From: Hangbin Liu <liuhangbin@gmail.com>

With commit 72b365e8e0fd ("libnetlink: Double the dump buffer size")
we doubled the buffer size to support more VFs. But the VFs number is
increasing all the time. Some customers even use more than 200 VFs now.

We could not double it everytime when the buffer is not enough.
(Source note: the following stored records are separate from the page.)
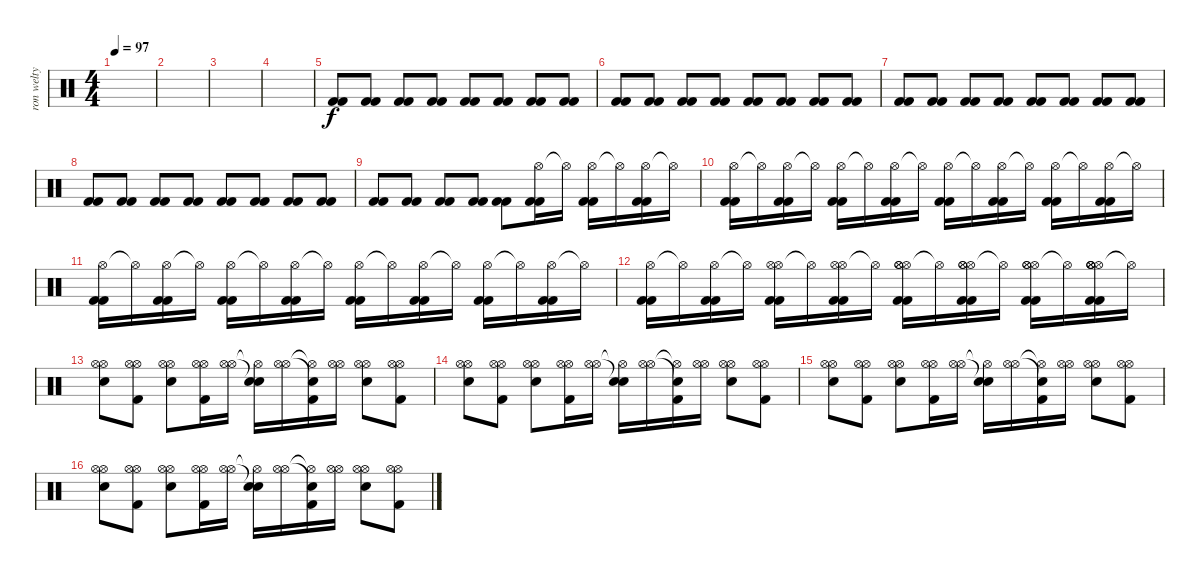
\track ("ron welty" "ron welty") {instrument percussion}
\staff {score}
\articulation defaults
\ts (4 4)
\tempo 97
\clef neutral
\ks c
|
|
|
|
("Kick (hit) 2" "Kick (hit) 2").8 ("Kick (hit) 2" "Kick (hit) 2").8 ("Kick (hit) 2" "Kick (hit) 2").8 ("Kick (hit) 2" "Kick (hit) 2").8 ("Kick (hit) 2" "Kick (hit) 2").8 ("Kick (hit) 2" "Kick (hit) 2").8 ("Kick (hit) 2" "Kick (hit) 2").8 ("Kick (hit) 2" "Kick (hit) 2").8 |
("Kick (hit) 2" "Kick (hit) 2").8 ("Kick (hit) 2" "Kick (hit) 2").8 ("Kick (hit) 2" "Kick (hit) 2").8 ("Kick (hit) 2" "Kick (hit) 2").8 ("Kick (hit) 2" "Kick (hit) 2").8 ("Kick (hit) 2" "Kick (hit) 2").8 ("Kick (hit) 2" "Kick (hit) 2").8 ("Kick (hit) 2" "Kick (hit) 2").8 |
("Kick (hit) 2" "Kick (hit) 2").8 ("Kick (hit) 2" "Kick (hit) 2").8 ("Kick (hit) 2" "Kick (hit) 2").8 ("Kick (hit) 2" "Kick (hit) 2").8 ("Kick (hit) 2" "Kick (hit) 2").8 ("Kick (hit) 2" "Kick (hit) 2").8 ("Kick (hit) 2" "Kick (hit) 2").8 ("Kick (hit) 2" "Kick (hit) 2").8 |
("Kick (hit) 2" "Kick (hit) 2").8 ("Kick (hit) 2" "Kick (hit) 2").8 ("Kick (hit) 2" "Kick (hit) 2").8 ("Kick (hit) 2" "Kick (hit) 2").8 ("Kick (hit) 2" "Kick (hit) 2").8 ("Kick (hit) 2" "Kick (hit) 2").8 ("Kick (hit) 2" "Kick (hit) 2").8 ("Kick (hit) 2" "Kick (hit) 2").8 |
("Kick (hit) 2" "Kick (hit) 2").8 ("Kick (hit) 2" "Kick (hit) 2").8 ("Kick (hit) 2" "Kick (hit) 2").8 ("Kick (hit) 2" "Kick (hit) 2").8 ("Kick (hit) 2" "Kick (hit) 2").8 ("Hi-Hat (open)" "Kick (hit) 2" "Kick (hit) 2").16 "Hi-Hat (open)"{t}.16 ("Hi-Hat (open)" "Kick (hit) 2" "Kick (hit) 2").16 "Hi-Hat (open)"{t}.16 ("Hi-Hat (open)" "Kick (hit) 2" "Kick (hit) 2").16 "Hi-Hat (open)"{t}.16 |
("Hi-Hat (open)" "Kick (hit) 2" "Kick (hit) 2").16 "Hi-Hat (open)"{t}.16 ("Hi-Hat (open)" "Kick (hit) 2" "Kick (hit) 2").16 "Hi-Hat (open)"{t}.16 ("Hi-Hat (open)" "Kick (hit) 2" "Kick (hit) 2").16 "Hi-Hat (open)"{t}.16 ("Hi-Hat (open)" "Kick (hit) 2" "Kick (hit) 2").16 "Hi-Hat (open)"{t}.16 ("Hi-Hat (open)" "Kick (hit) 2" "Kick (hit) 2").16 "Hi-Hat (open)"{t}.16 ("Hi-Hat (open)" "Kick (hit) 2" "Kick (hit) 2").16 "Hi-Hat (open)"{t}.16 ("Hi-Hat (open)" "Kick (hit) 2" "Kick (hit) 2").16 "Hi-Hat (open)"{t}.16 ("Hi-Hat (open)" "Kick (hit) 2" "Kick (hit) 2").16 "Hi-Hat (open)"{t}.16 |
("Hi-Hat (open)" "Kick (hit) 2" "Kick (hit) 2").16 "Hi-Hat (open)"{t}.16 ("Hi-Hat (open)" "Kick (hit) 2" "Kick (hit) 2").16 "Hi-Hat (open)"{t}.16 ("Hi-Hat (open)" "Kick (hit) 2" "Kick (hit) 2").16 "Hi-Hat (open)"{t}.16 ("Hi-Hat (open)" "Kick (hit) 2" "Kick (hit) 2").16 "Hi-Hat (open)"{t}.16 ("Hi-Hat (open)" "Kick (hit) 2" "Kick (hit) 2").16 "Hi-Hat (open)"{t}.16 ("Hi-Hat (open)" "Kick (hit) 2" "Kick (hit) 2").16 "Hi-Hat (open)"{t}.16 ("Hi-Hat (open)" "Kick (hit) 2" "Kick (hit) 2").16 "Hi-Hat (open)"{t}.16 ("Hi-Hat (open)" "Kick (hit) 2" "Kick (hit) 2").16 "Hi-Hat (open)"{t}.16 |
("Hi-Hat (open)" "Kick (hit) 2" "Kick (hit) 2").16 "Hi-Hat (open)"{t}.16 ("Hi-Hat (open)" "Kick (hit) 2" "Kick (hit) 2").16 "Hi-Hat (open)"{t}.16 ("Hi-Hat (open)" "Hi-Hat (open)" "Kick (hit) 2" "Kick (hit) 2").16 "Hi-Hat (open)"{t}.16 ("Hi-Hat (open)" "Hi-Hat (open)" "Kick (hit) 2" "Kick (hit) 2").16 "Hi-Hat (open)"{t}.16 ("Hi-Hat (open)" "Hi-Hat (open)" "Hi-Hat (open)" "Kick (hit) 2" "Kick (hit) 2").16 "Hi-Hat (open)"{t}.16 ("Hi-Hat (open)" "Hi-Hat (open)" "Hi-Hat (open)" "Kick (hit) 2" "Kick (hit) 2").16 "Hi-Hat (open)"{t}.16 ("Hi-Hat (open)" "Hi-Hat (open)" "Hi-Hat (open)" "Kick (hit) 2" "Kick (hit) 2").16 "Hi-Hat (open)"{t}.16 ("Hi-Hat (open)" "Hi-Hat (open)" "Hi-Hat (open)" "Hi-Hat (open)" "Kick (hit) 2" "Kick (hit) 2").16 "Hi-Hat (open)"{t}.16 |
("Hi-Hat (open)" "Hi-Hat (open)" "Electric Snare (hit)").8 ("Hi-Hat (open)" "Hi-Hat (open)" "Kick (hit) 2").8 ("Hi-Hat (open)" "Hi-Hat (open)" "Electric Snare (hit)").8 ("Hi-Hat (open)" "Hi-Hat (open)" "Kick (hit) 2").16 ("Hi-Hat (open)" "Hi-Hat (open)").16 ("Hi-Hat (open)"{t} "Snare (hit)"{t} "Electric Snare (hit)").16 ("Hi-Hat (open)" "Hi-Hat (open)").16 ("Hi-Hat (open)"{t} "Snare (hit)"{t} "Kick (hit) 2").16 ("Hi-Hat (open)" "Hi-Hat (open)").16 ("Hi-Hat (open)" "Hi-Hat (open)" "Electric Snare (hit)").8 ("Hi-Hat (open)" "Hi-Hat (open)" "Kick (hit) 2").8 |
("Hi-Hat (open)" "Hi-Hat (open)" "Electric Snare (hit)").8 ("Hi-Hat (open)" "Hi-Hat (open)" "Kick (hit) 2").8 ("Hi-Hat (open)" "Hi-Hat (open)" "Electric Snare (hit)").8 ("Hi-Hat (open)" "Hi-Hat (open)" "Kick (hit) 2").16 ("Hi-Hat (open)" "Hi-Hat (open)").16 ("Hi-Hat (open)"{t} "Snare (hit)"{t} "Electric Snare (hit)").16 ("Hi-Hat (open)" "Hi-Hat (open)").16 ("Hi-Hat (open)"{t} "Snare (hit)"{t} "Kick (hit) 2").16 ("Hi-Hat (open)" "Hi-Hat (open)").16 ("Hi-Hat (open)" "Hi-Hat (open)" "Electric Snare (hit)").8 ("Hi-Hat (open)" "Hi-Hat (open)" "Kick (hit) 2").8 |
("Hi-Hat (open)" "Hi-Hat (open)" "Electric Snare (hit)").8 ("Hi-Hat (open)" "Hi-Hat (open)" "Kick (hit) 2").8 ("Hi-Hat (open)" "Hi-Hat (open)" "Electric Snare (hit)").8 ("Hi-Hat (open)" "Hi-Hat (open)" "Kick (hit) 2").16 ("Hi-Hat (open)" "Hi-Hat (open)").16 ("Hi-Hat (open)"{t} "Snare (hit)"{t} "Electric Snare (hit)").16 ("Hi-Hat (open)" "Hi-Hat (open)").16 ("Hi-Hat (open)"{t} "Snare (hit)"{t} "Kick (hit) 2").16 ("Hi-Hat (open)" "Hi-Hat (open)").16 ("Hi-Hat (open)" "Hi-Hat (open)" "Electric Snare (hit)").8 ("Hi-Hat (open)" "Hi-Hat (open)" "Kick (hit) 2").8 |
("Hi-Hat (open)" "Hi-Hat (open)" "Electric Snare (hit)").8 ("Hi-Hat (open)" "Hi-Hat (open)" "Kick (hit) 2").8 ("Hi-Hat (open)" "Hi-Hat (open)" "Electric Snare (hit)").8 ("Hi-Hat (open)" "Hi-Hat (open)" "Kick (hit) 2").16 ("Hi-Hat (open)" "Hi-Hat (open)").16 ("Hi-Hat (open)"{t} "Snare (hit)"{t} "Electric Snare (hit)").16 ("Hi-Hat (open)" "Hi-Hat (open)").16 ("Hi-Hat (open)"{t} "Snare (hit)"{t} "Kick (hit) 2").16 ("Hi-Hat (open)" "Hi-Hat (open)").16 ("Hi-Hat (open)" "Hi-Hat (open)" "Electric Snare (hit)").8 ("Hi-Hat (open)" "Hi-Hat (open)" "Kick (hit) 2").8

Let's just
not hard code the buffer size and malloc the correct number when running.

Introduce function rtnl_recvmsg() to always return a newly allocated buffer.
The caller need to free it after using.

Signed-off-by: Hangbin Liu <liuhangbin@gmail.com>
Signed-off-by: Phil Sutter <phil@nwl.cc>
---
 lib/libnetlink.c | 114 ++++++++++++++++++++++++++++++++++++++-----------------
 1 file changed, 80 insertions(+), 34 deletions(-)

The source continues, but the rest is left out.